--- Records for this task Enclosed Below ---

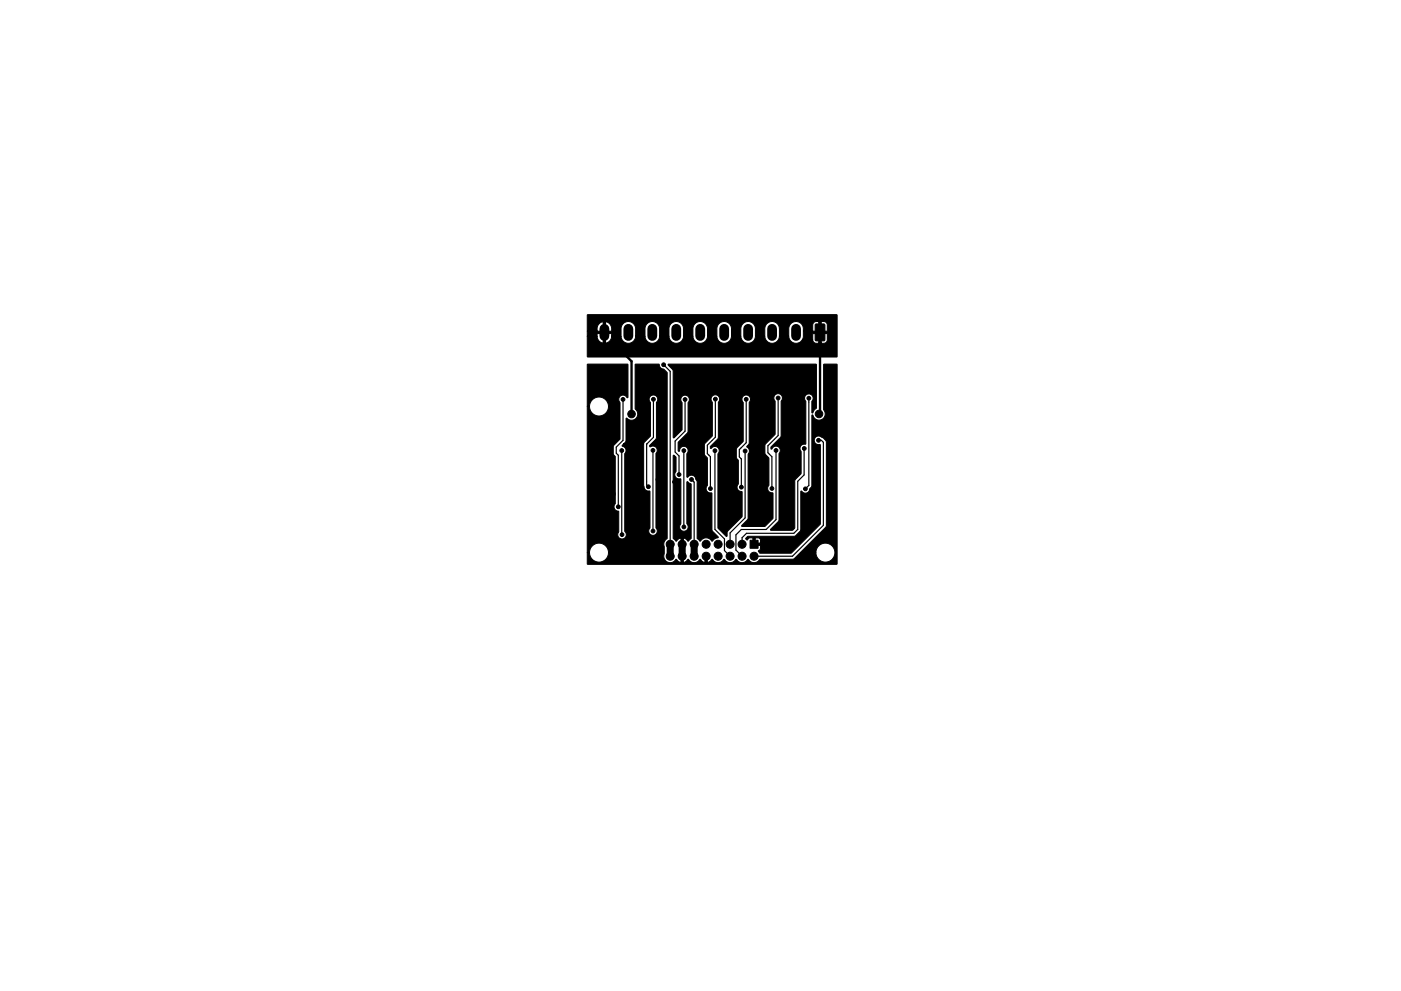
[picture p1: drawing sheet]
<svg xmlns="http://www.w3.org/2000/svg" width="297mm" height="210mm" viewBox="0 0 297 210" stroke-linecap="round" stroke-linejoin="round" font-family="sans-serif">
<g fill="#000" stroke="#000" stroke-width=".21">
<path d="M124.5 77.3h8.6v7h-.2a.93 .93 0 0 0-1.4-.3 .93 .93 0 0 0 0 1.4v7.7l-1.4 1.4-.1 .3v1.5l.5 .6-.1 10a1.07 1.07 0 0 0 .8 1.7v4.3a.91 .91 0 0 0 .1 1.2 .91 .91 0 0 0 1.3-.1 .91 .91 0 0 0-.1-1.2v-16.5a1.02 1.02 0 0 0-.6-1.7l.3-.4h4.3v9a.98 .98 0 0 0 1.2 1l.1 7.8a.93 .93 0 0 0-.1 1.1 .93 .93 0 0 0 1 .4 .95 .95 0 0 0 .4-1.5v-15.8a.91 .91 0 0 0 .1-1.2 .91 .91 0 0 0-1.2-.2h-.3l.1-.3 1.3-1.3 .1-.3v-7.5a.93 .93 0 0 0 0-1.3 .93 .93 0 0 0-1.3 0 .93 .93 0 0 0 0 1.3v7.1l-1.3 1.4-.1 .3h-4.3l.5-.7v-4.7l.2-.1a1.35 1.35 0 0 0 2 0 1.35 1.35 0 0 0-.2-2v-9.4h5a1.07 1.07 0 0 0 1 1l.8 .8v35.1a1.48 1.48 0 0 0-.7 1.8v1.5a1.41 1.41 0 0 0 .8 1.8 1.41 1.41 0 0 0 1.8-.6l.5 .4 .5 .2v-5.2l-.5 .2-.6 .5-.6-.6v-17.5l.2-.1 .4 .4v3.1a.97 .97 0 0 0-.1 1.1 .97 .97 0 0 0 1.1 .4v9.6a.92 .92 0 0 0 .1 1.3 .92 .92 0 0 0 1.3-.1 .92 .92 0 0 0-.1-1.3v-8.8l.2-.1 .7 .5v11.5l-.6 .6-.5-.5-.5-.2v5.2l.4-.1 .6-.5a1.49 1.49 0 0 0 2.6 0l.4 .4 .6 .2v-1.4l.1-.1h.4v1.5l.4-.1 .6-.5a1.41 1.41 0 0 0 2.4 0h.1a1.52 1.52 0 0 0 2.3 .2l.2-.2a1.52 1.52 0 0 0 2.4 .2l.2-.2a1.54 1.54 0 0 0 2.6-.1h6.9l1.6-1.4h3.3a2.01 2.01 0 0 0 2.9 1.8 2.01 2.01 0 0 0 .3-3.4 2.01 2.01 0 0 0-3.2 1.4v.2h-3.3l5.3-5.2 .2-.5v-17.8l-.7-.8-1.1-.4a.92 .92 0 0 0-.7 1.1 .92 .92 0 0 0 1.2 .7v16.9l-6.2 6.2h-6.6l-.3-.4 .4-.6v-.7h-1.5l-.1-.5h1.6v-.8l-.4-.3h-.7v1.1h-.5v-1.1h-.7l-.5 .5-.3-.4 .4-.4h9.9l1.3-1.1 .1-.4v-8h.2a.94 .94 0 0 0 1.1 .3 .94 .94 0 0 0 .6-.9l.4-.7v-14.9h.3a1.32 1.32 0 0 0 1.9 .9 1.32 1.32 0 0 0 .3-2.1v-9.5l.1-.2h2.7l.1 .2-.1 42.3h-52.8l-.1-.1v-2.4h.5a2.01 2.01 0 0 0 2.9 1.8 2.01 2.01 0 0 0 .3-3.4 2.01 2.01 0 0 0-3.2 1.4v.2h-.5v-31h.5a2.01 2.01 0 0 0 2.9 1.8 2.01 2.01 0 0 0 .3-3.4 2.01 2.01 0 0 0-3.2 1.4v.2h-.5zM141.7 77.3l31.3-.1 .1 .2v9.2l-.8 1-.2-.1v-2.4a.92 .92 0 0 0 0-1.3 .92 .92 0 0 0-1.3 .1 .92 .92 0 0 0 .1 1.3v8.9l-.2 .2a.91 .91 0 0 0-1.1 .8l.3 .7v4.6l-1.4 1.6v10l-.5 .5-4.7-.1 1.9-2.1v-14a.93 .93 0 0 0 .1-1.2 .93 .93 0 0 0-1.1-.4l-.6 .6-.1-.1v-.4l2-2 .1-.3v-7.4a.92 .92 0 0 0 0-1.3 .92 .92 0 0 0-1.3 0 .92 .92 0 0 0 0 1.3v7l-2 2.1-.1 .4v1.6l.8 1v5.8a.98 .98 0 0 0-.1 1.1 .98 .98 0 0 0 1 .5v5.4l-1.7 1.7h-4.9v-.2l1.2-1.2 .1-.3v-13.7a.93 .93 0 0 0-.3-1.5l.5-.9v-8.5a.93 .93 0 0 0 .1-1.3 .93 .93 0 0 0-1.4 0 .93 .93 0 0 0 .1 1.3v8.2l-1.4 1.4-.1 .4v1.6l.4 .7v5a1 1 0 0 0-.1 1.1 1 1 0 0 0 .9 .5v5.3l-3 3.1-.1 1-.2 .1-1.8-1.8v-15.7a.96 .96 0 0 0-.1-1.4 .96 .96 0 0 0-1.4 .3l-.1-.5 1.6-1.6 .1-.3v-7.5a.92 .92 0 0 0 0-1.3 .92 .92 0 0 0-1.3 .1 .92 .92 0 0 0 0 1.3v7l-1.5 1.7-.2 .3 .1 2 .6 .8v5.8a.97 .97 0 0 0-.1 1.2 .97 .97 0 0 0 1 .4v7.8l1.4 1.6-.8 .3-.5 .5-.4-.3a1.46 1.46 0 0 0-2.2 .3l-.6-.6v-11.8l-.2-.6a1.02 1.02 0 0 0-.7-.9 1.02 1.02 0 0 0-1.2 .4l-.1-.2v-4.8a.95 .95 0 0 0-.3-1.6 .95 .95 0 0 0-1.3 1.1l-.2-.2v-1.8l1.9-1.9 .2-.4v-6a.93 .93 0 0 0 .1-1.2 .93 .93 0 0 0-1-.4l-.2 .1a.95 .95 0 0 0-.2 1.5v5.7l-1.8 1.7-.1-14.2-1-1.2zM172.9 68.8l1.7-.1 .3 .2v3.2l-.2 .2h-1.6l-.3-.1zM124.5 66.8h52.9l.1 .1v8.7l-.1 .1h-52.8l-.1-4.4h2.1a1.5 1.5 0 0 0 1.3 1.5h.5a1.49 1.49 0 0 0 1.3-1.4h2a1.55 1.55 0 0 0 1.5 1.4 1.55 1.55 0 0 0 1.6-1.5l2 .1a1.55 1.55 0 0 0 1.5 1.4 1.55 1.55 0 0 0 1.5-1.5l2 .1a1.55 1.55 0 0 0 1.6 1.4 1.55 1.55 0 0 0 1.5-1.5l2 .1a1.55 1.55 0 0 0 1.6 1.4 1.55 1.55 0 0 0 1.5-1.5l2 .1a1.55 1.55 0 0 0 1.5 1.4 1.55 1.55 0 0 0 1.6-1.5l2 .1a1.55 1.55 0 0 0 1.5 1.4 1.55 1.55 0 0 0 1.6-1.5l2 .1a1.55 1.55 0 0 0 1.5 1.4 1.55 1.55 0 0 0 1.5-1.5l2 .1a1.55 1.55 0 0 0 1.2 1.4 1.55 1.55 0 0 0 1.7-.7h2.2l.2 .5 .5 .2h1.8l.4-.2 .2-.5v-1.3h-1.3v2h-.5v-2h-1.3v1.3h-2.2l.2-.7v-1.1h5.1v-1.5l-.4-.5-.9-.1v2.1h-.5v-2.1h-.7l-.4 .3-.2 .4v1.4h-2v-.6a1.55 1.55 0 0 0-1.5-1.5 1.55 1.55 0 0 0-1.6 1.5v1.6h-2v-1.6a1.55 1.55 0 0 0-1.5-1.5 1.55 1.55 0 0 0-1.5 1.5v1.6h-2v-1.6a1.55 1.55 0 0 0-1.6-1.5 1.55 1.55 0 0 0-1.5 1.5v1.6h-2v-1.6a1.55 1.55 0 0 0-1.5-1.5 1.55 1.55 0 0 0-1.6 1.5v1.6h-2v-1.6a1.55 1.55 0 0 0-1.5-1.5 1.55 1.55 0 0 0-1.6 1.5v1.6h-2v-1.6a1.55 1.55 0 0 0-1.5-1.5 1.55 1.55 0 0 0-1.6 1.5v1.6h-2v-1.6a1.55 1.55 0 0 0-1.5-1.5 1.55 1.55 0 0 0-1.5 1.5v1.6h-2v-1.6a1.55 1.55 0 0 0-1.6-1.5 1.55 1.55 0 0 0-1.5 1.5v1.6h-2v-.5h-1.3v2h-.5v-2h-1.3v.5h-2.1v-1h5.2v-.6a1.5 1.5 0 0 0-1.3-1.4v2h-.5v-2.1a1.54 1.54 0 0 0-1.3 1.5v.6h-2.1zM159 114.6h1.7v1.7h-1.7z"/>
<circle cx="140.7" cy="77.4" r=".4"/>
<circle cx="131.8" cy="95.6" r=".4"/>
<circle cx="132.1" cy="84.7" r=".4"/>
<circle cx="133.9" cy="87.8" r=".8"/>
<circle cx="138.4" cy="95.5" r=".4"/>
<circle cx="138.5" cy="84.7" r=".4"/>
<circle cx="145" cy="95.6" r=".4"/>
<circle cx="145.2" cy="84.8" r=".4"/>
<circle cx="150" cy="88.7" r=".4"/>
<circle cx="151.6" cy="95.6" r=".4"/>
<circle cx="151.7" cy="84.7" r=".4"/>
<circle cx="158" cy="95.7" r=".4"/>
<circle cx="158.2" cy="84.7" r=".4"/>
<circle cx="164.5" cy="95.6" r=".4"/>
<circle cx="165" cy="84.4" r=".4"/>
<circle cx="170.5" cy="95.1" r=".4"/>
<circle cx="171.5" cy="84.5" r=".4"/>
<circle cx="173.5" cy="93.4" r=".4"/>
<circle cx="173.6" cy="87.8" r=".8"/>
<circle cx="130" cy="104.8" r=".4"/>
<circle cx="131.1" cy="107.5" r=".4"/>
<circle cx="131.9" cy="113.4" r=".4"/>
<circle cx="137.5" cy="103.3" r=".4"/>
<circle cx="138.4" cy="112.7" r=".4"/>
<circle cx="139.5" cy="101.7" r=".4"/>
<circle cx="142.1" cy="115.5" r=".85"/>
<circle cx="142.1" cy="118" r=".85"/>
<circle cx="143" cy="102.2" r=".4"/>
<circle cx="143.4" cy="110.8" r=".4"/>
<circle cx="144" cy="100.7" r=".4"/>
<circle cx="144.6" cy="115.5" r=".85"/>
<circle cx="144.6" cy="118" r=".85"/>
<circle cx="145" cy="111.8" r=".4"/>
<circle cx="146.6" cy="101.7" r=".4"/>
<circle cx="147.2" cy="115.5" r=".85"/>
<circle cx="147.2" cy="118" r=".85"/>
<circle cx="149.5" cy="102.2" r=".4"/>
<circle cx="149.5" cy="109.2" r=".4"/>
<circle cx="149.7" cy="115.5" r=".85"/>
<circle cx="149.7" cy="118" r=".85"/>
<circle cx="150.6" cy="103.7" r=".4"/>
<circle cx="152.3" cy="115.5" r=".85"/>
<circle cx="152.3" cy="118" r=".85"/>
<circle cx="154.8" cy="115.5" r=".85"/>
<circle cx="154.8" cy="118" r=".85"/>
<circle cx="156" cy="102.2" r=".4"/>
<circle cx="157.2" cy="103.4" r=".4"/>
<circle cx="157.3" cy="118" r=".85"/>
<circle cx="157.3" cy="115.5" r=".85"/>
<circle cx="159.9" cy="118" r=".85"/>
<circle cx="162.5" cy="102.2" r=".4"/>
<circle cx="163.7" cy="103.6" r=".4"/>
<circle cx="170.8" cy="103.7" r=".4"/>
</g>
<path d="M128.1 69.8v1.5M133.2 69.8v1.5M138.3 69.8v1.5M143.4 69.8v1.5M148.5 69.8v1.5M153.5 69.8v1.5M158.6 69.8v1.5M163.7 69.8v1.5M168.8 69.8v1.5" fill="none" stroke="#000" stroke-width="2.1"/>
<g fill="none" stroke="#000" stroke-width=".25">
<path d="M140.7 77.4l1.4 1.4v36.7M131.8 95.6l.1 17.8M132.1 84.7v8.7l-1.4 1.5v1.3l.4 .4v10.9M137.1 94.2v8.7l.4 .4M137.1 94.2h.1M138.4 95.5l.1 17.2M138.5 84.7v8.1l-1.4 1.4M145 95.6v16.2M145.2 84.8v6.7l-2.1 2.1v2.3l.9 .8v4M151.6 95.6v16.7l2 2v2.5l1.2 1.2M151.7 84.7v8.1l-1.7 1.7v1.7l.6 .7v6.8M158 95.7v14.2l-3.2 3.2v2.4"/>
<path d="M158.2 84.7v9.2l-1.4 1.5v1.5l.4 .5v6M164.5 95.6v14.6l-2.1 2.1h-5.2l-1.2 1.2v3.2l1.3 1.3M165 84.4v8l-2.2 2.2v1.4l.9 .9v6.7M170.5 95.1v5.7l-1.4 1.3v10.2l-.8 .8h-10l-1 1v1.4M171.5 84.5v18.5l-.7 .7M173.5 93.4h.7l.4 .4v17.7l-6.6 6.5h-8.1M146.6 101.7l.6 .6v13.2"/>
</g>
<path d="M142.1 115.5v2.5M144.6 115.5v2.5M147.2 115.5v2.5" fill="none" stroke="#000" stroke-width="1.5"/>
<path d="M173.6 87.8l.3-.2v-19.2l-.9-.8h-44l-.9 .8v4.8l1 .9h2.3l2.5 2.5v11.2" fill="none" stroke="#000" stroke-width=".5"/>
</svg>

--- End of Enclosed Records for this task ---

▸ **Problem**:
Select all lines with the word "none" from the entries above.

▸ **Response to the exercise**:
<path d="M128.1 69.8v1.5M133.2 69.8v1.5M138.3 69.8v1.5M143.4 69.8v1.5M148.5 69.8v1.5M153.5 69.8v1.5M158.6 69.8v1.5M163.7 69.8v1.5M168.8 69.8v1.5" fill="none" stroke="#000" stroke-width="2.1"/>
<g fill="none" stroke="#000" stroke-width=".25">
<path d="M142.1 115.5v2.5M144.6 115.5v2.5M147.2 115.5v2.5" fill="none" stroke="#000" stroke-width="1.5"/>
<path d="M173.6 87.8l.3-.2v-19.2l-.9-.8h-44l-.9 .8v4.8l1 .9h2.3l2.5 2.5v11.2" fill="none" stroke="#000" stroke-width=".5"/>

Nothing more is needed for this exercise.